Practical Applications
Immediate Applications
Below are practical, deployable use cases that leverage TabEBM’s class-specific, training-free tabular augmentation and its open-source library.
- Healthcare/Clinical AI — Improve small-sample classifiers (diagnosis, triage, risk prediction)
- What to do: Use TabEBM to augment scarce EHR/lab/omics tabular datasets per class, preserving label distribution and boosting model accuracy in low-data settings (e.g., rare disease classification).
- Tools/workflow: Add TabEBM as a data-prep step in pipelines for XGBoost/RF/LogReg; generate class-stratified synthetic samples (e.g., N_syn ≈ 500) before training; evaluate via validation set.
- Assumptions/dependencies: Requires class labels and basic preprocessing (scaling/encoding); not a formal privacy mechanism—use for augmentation internally, not as a DP guarantee.
- Chemistry/Pharma/Materials — QSAR/toxicity/property prediction with small tabular datasets
- What to do: Augment per-class molecular descriptors or material features to stabilize training and reduce overfitting in low-N regimes.
- Tools/workflow: Integrate TabEBM into cheminformatics/R&D pipelines (e.g., scikit-learn + RDKit descriptors + TabEBM augmentation).
- Assumptions/dependencies: Encoding of categorical features must align with TabEBM’s preprocessing; distributions must be stationary enough that class-conditional modeling is meaningful.
- Manufacturing/Quality Control — Imbalanced defect detection
- What to do: Use class-specific EBMs to oversample minority defect classes without collapsing modes; maintain true defect/non-defect proportions in generated data.
- Tools/workflow: Insert TabEBM into MLOps line for QC classifiers; schedule generation per new production batch to re-balance training data.
- Assumptions/dependencies: Assumes access to at least a few minority samples per class; negative-sample hypercube distance set sufficiently far from real data as per library defaults.
- Finance — Rare-event modeling (fraud, default), tabular risk analytics
- What to do: Augment minority classes (e.g., fraud) to improve recall without distorting class priors; enable privacy-friendly internal analytics by training on synthetic augmentation.

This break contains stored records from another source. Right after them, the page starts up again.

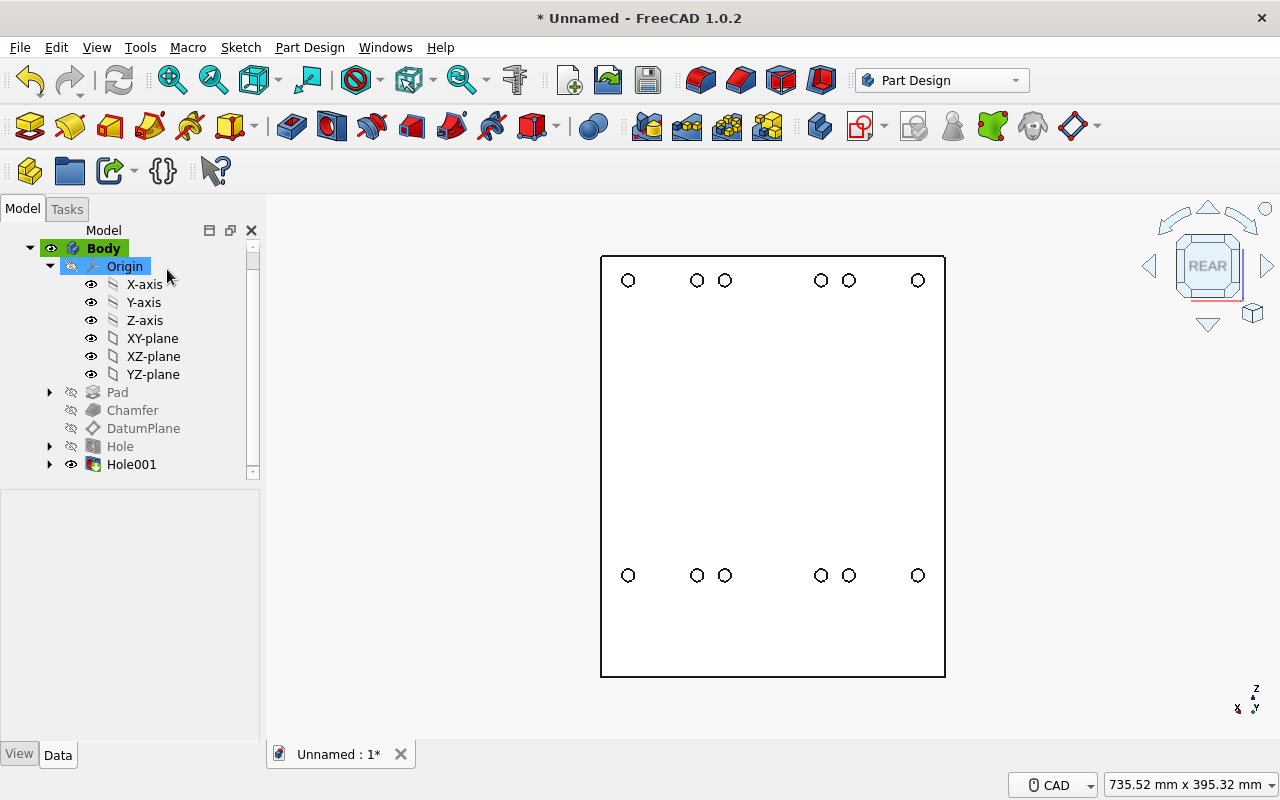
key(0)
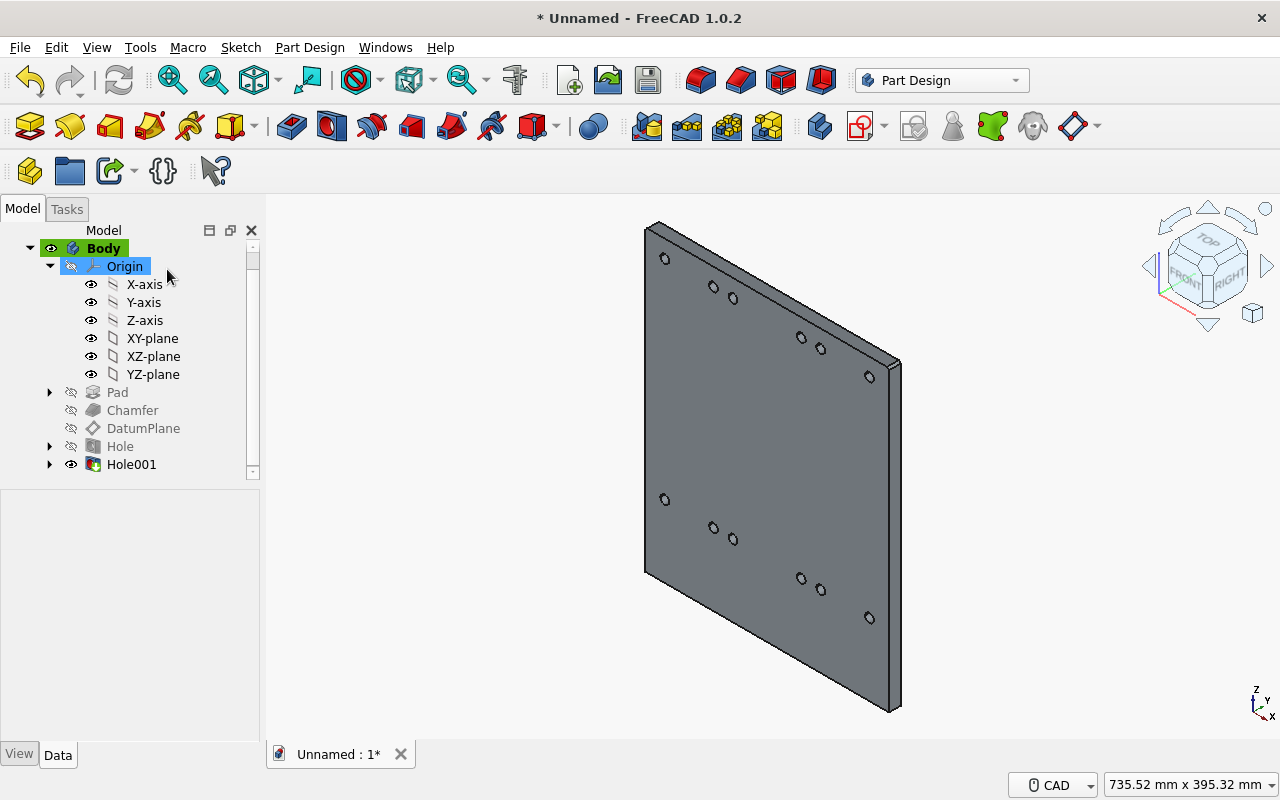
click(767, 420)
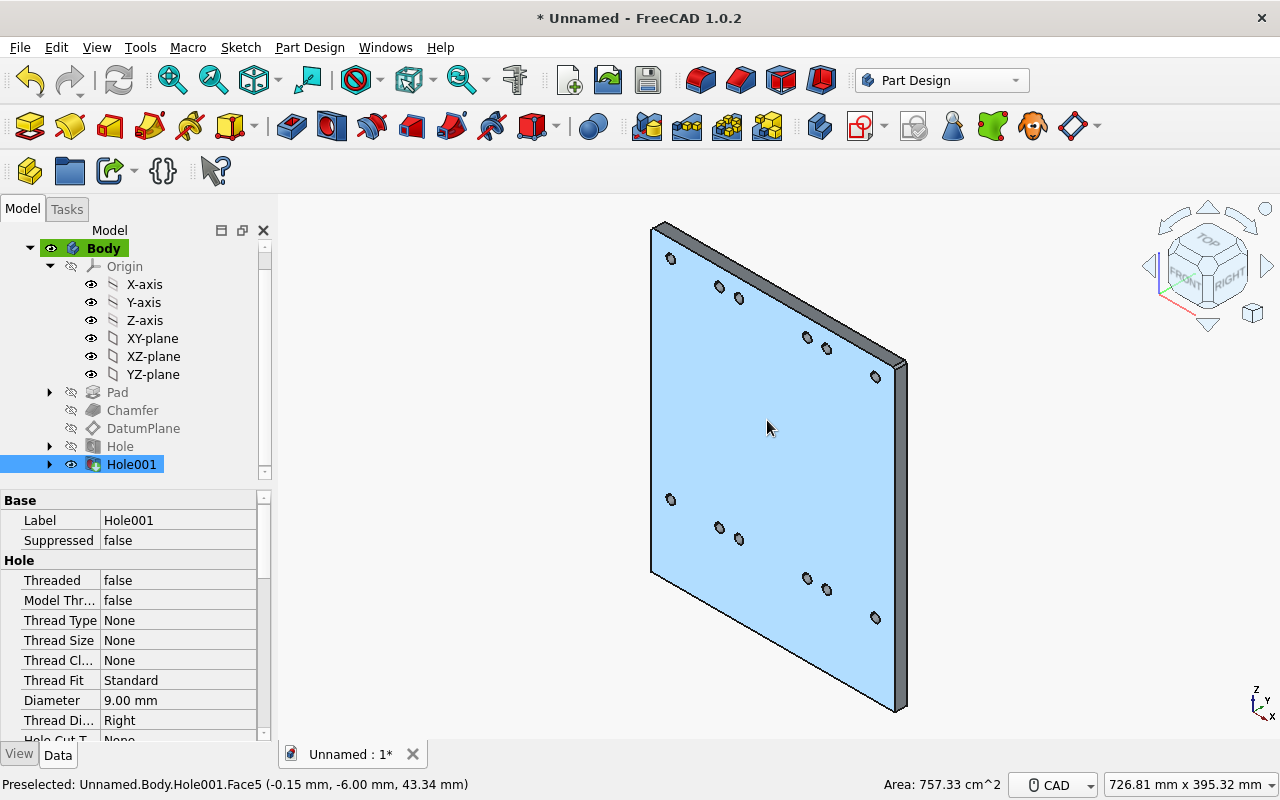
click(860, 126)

- Tools/workflow: Use TabEBM as a pre-training augmentation tool for supervised models; maintain class proportions via per-class sampling.
- Assumptions/dependencies: Regulatory use requires additional privacy safeguards; TabEBM improves utility/privately shares trends but is not a formal DP mechanism.

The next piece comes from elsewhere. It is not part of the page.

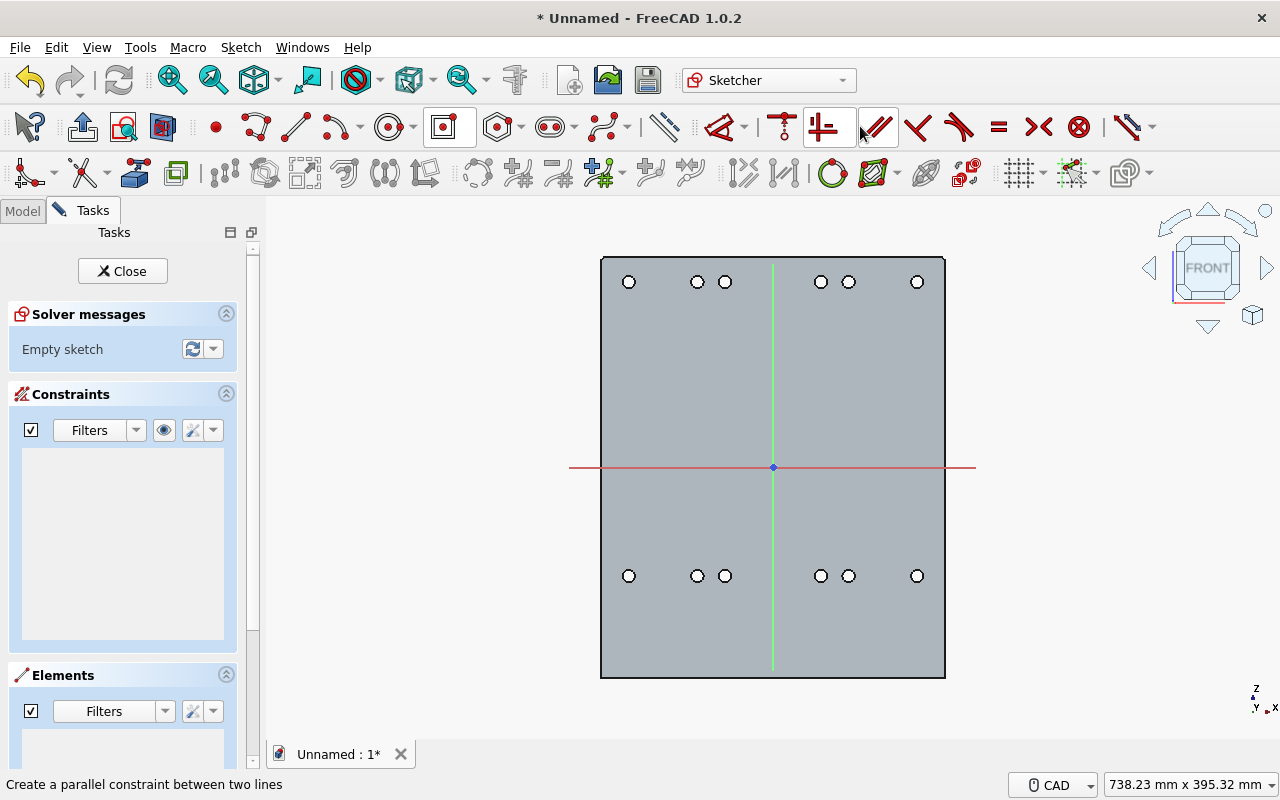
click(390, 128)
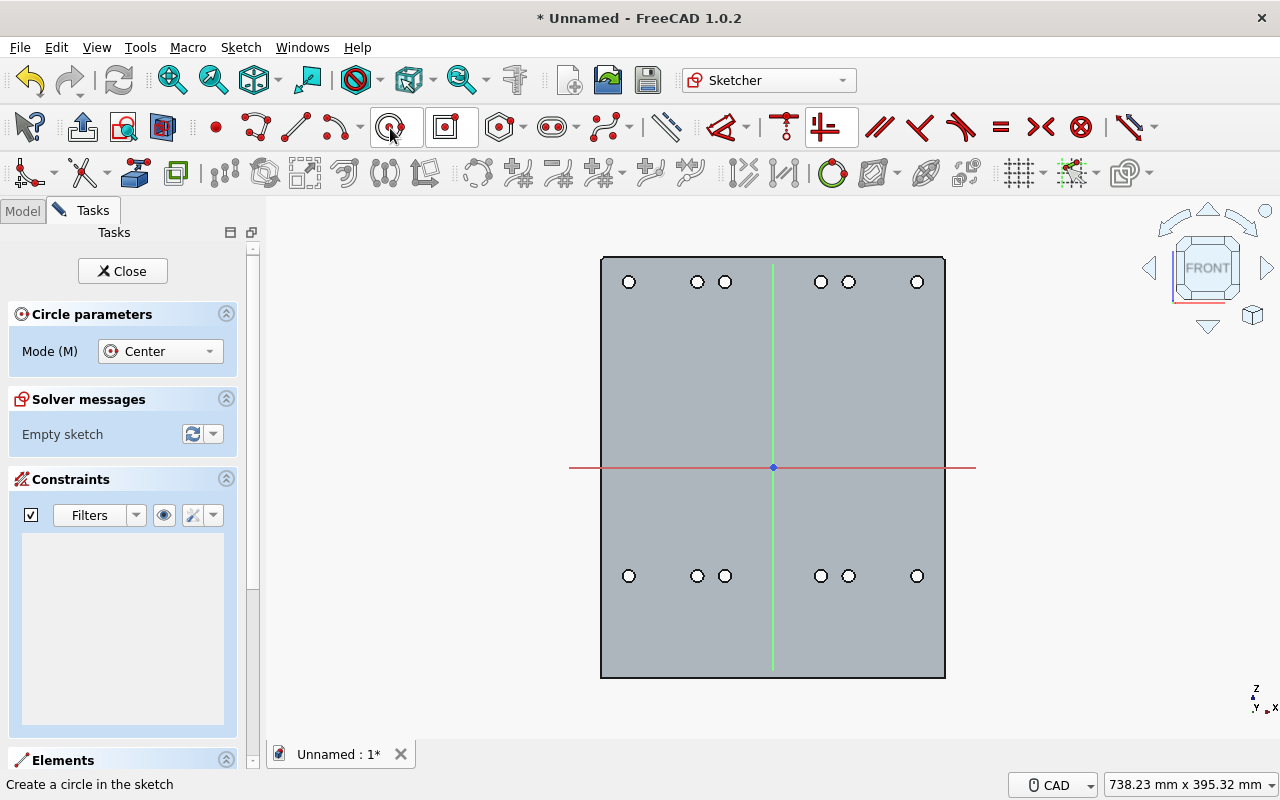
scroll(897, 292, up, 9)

- Energy/Utilities — Multi-class event/fault classification with small logged datasets
- What to do: Augment per event class to handle >10 classes, where other generators fail or degrade; preserve stratification to avoid label drift.
- Tools/workflow: Embed TabEBM in event-classification pipelines; retrain periodically with augmented data from scarce failure events.
- Assumptions/dependencies: Label quality is critical; distributions may drift—retrain and regenerate as systems change.
- Software/Data Science Tooling — AutoML/ML pipelines for tabular tasks
- What to do: Provide “class-aware augmentation” step out of the box in AutoML; fall back to TabEBM when data <500 samples or classes are imbalanced.
- Tools/workflow: Package TabEBM as a scikit-learn/MLFlow transformer; expose simple API (fit_transform) or microservice for synthetic sampling per class.
- Assumptions/dependencies: Requires models that can consume continuous and encoded categorical features; aligns well with LR/RF/XGBoost/MLP/TabPFN.
- Academia/Research — Benchmarking, method validation, and teaching in low-data regimes
- What to do: Use TabEBM to create robust augmentation baselines in papers and courses; analyze augmentation effects vs. dataset size/class count.
- Tools/workflow: Include TabEBM in experimental stacks to standardize augmentation and stratification; combine with ADTM metrics for reporting.
- Assumptions/dependencies: Must avoid leakage if pre-trained PFN-like classifiers overlap with evaluation sets; select leakage-free datasets for fair comparisons.
- Privacy-Conscious Data Sharing (internal/external) — Synthetic-only training with utility
- What to do: Share TabEBM-generated datasets to external collaborators/vendors to prototype models while retaining strong utility-privacy trade-offs (high DCR, lower δ-presence).
- Tools/workflow: Provide a “synthetic sandbox” with TabEBM-generated data; downstream users train on synthetic-only, evaluate on internal real test sets.
- Assumptions/dependencies: Not a formal DP solution; add DP/contractual safeguards for regulated data; curate fields to avoid direct identifiers.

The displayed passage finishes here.